A Reflection on Researching Victorian Machines

February: LGBTQ+ History Month
February invites us to remember. In the UK, LGBTQ+ History Month asks not only who has been remembered, but who has been erased, and why.
While researching Victorian inventors, I found myself searching for queer lives that were rarely named as such. Not because they did not exist, but because the social and legal realities of the time made honesty dangerous. The Criminal Law Amendment Act, social ruin, imprisonment, even the whisper of queerness could destroy a life. Silence was survival. Absence, in the archive, often speaks of fear rather than non-existence.
Scripture knows something about hidden lives. Jesus says, “Nothing is hidden that will not be disclosed” (Luke 8:17), not as a threat, but as a promise: truth longs for light.
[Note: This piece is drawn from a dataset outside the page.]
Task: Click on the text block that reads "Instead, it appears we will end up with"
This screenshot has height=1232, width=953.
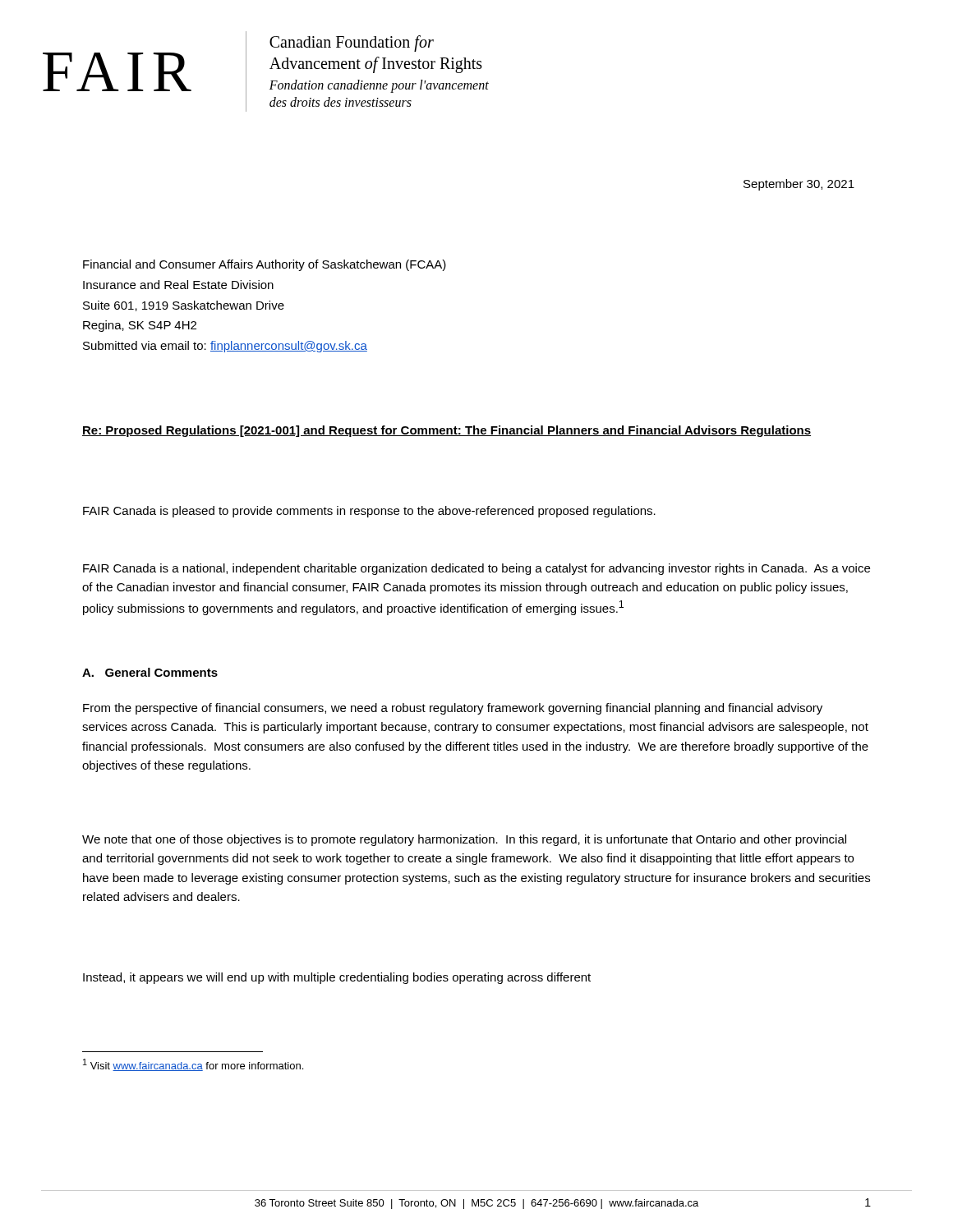Action: click(337, 977)

The prophets repeatedly call us to remember those pushed to the margins, “Do justice, love kindness, and walk humbly with your God” (Micah 6:8).
Too often, a handful of so-called “clobber verses” are lifted out of context and used to silence queer people. Read slowly, gently, honestly, those verses say far more about exploitation, idolatry, and power than about loving, faithful relationships. Jesus himself never speaks against queer people, but repeatedly warns against religious certainty that crushes human dignity (Matthew 23).
Today, remembering matters urgently. Queer people face renewed risk: the growing confidence of the far-right, and the rise of Christian nationalism even here in the UK, which wraps exclusion in the language of faith. This is not Christianity rooted in Christ. It is fear dressed as holiness.
As Rev. Brandan Robertson reminds us, “The Gospel is not about drawing lines of exclusion, but about expanding circles of belonging.” And Archbishop Desmond Tutu spoke plainly: “If God, as they say, is homophobic, I wouldn’t worship that God.”
A progressive Christian faith dares to say: queer lives are holy ground. Queer history is sacred history. The Church is called not to tolerate, but to repent, to welcome, and to rejoice.
“Perfect love casts out fear” (1 John 4:18). This February, may we remember boldly, love radically, and widen the table until everyone knows they belong.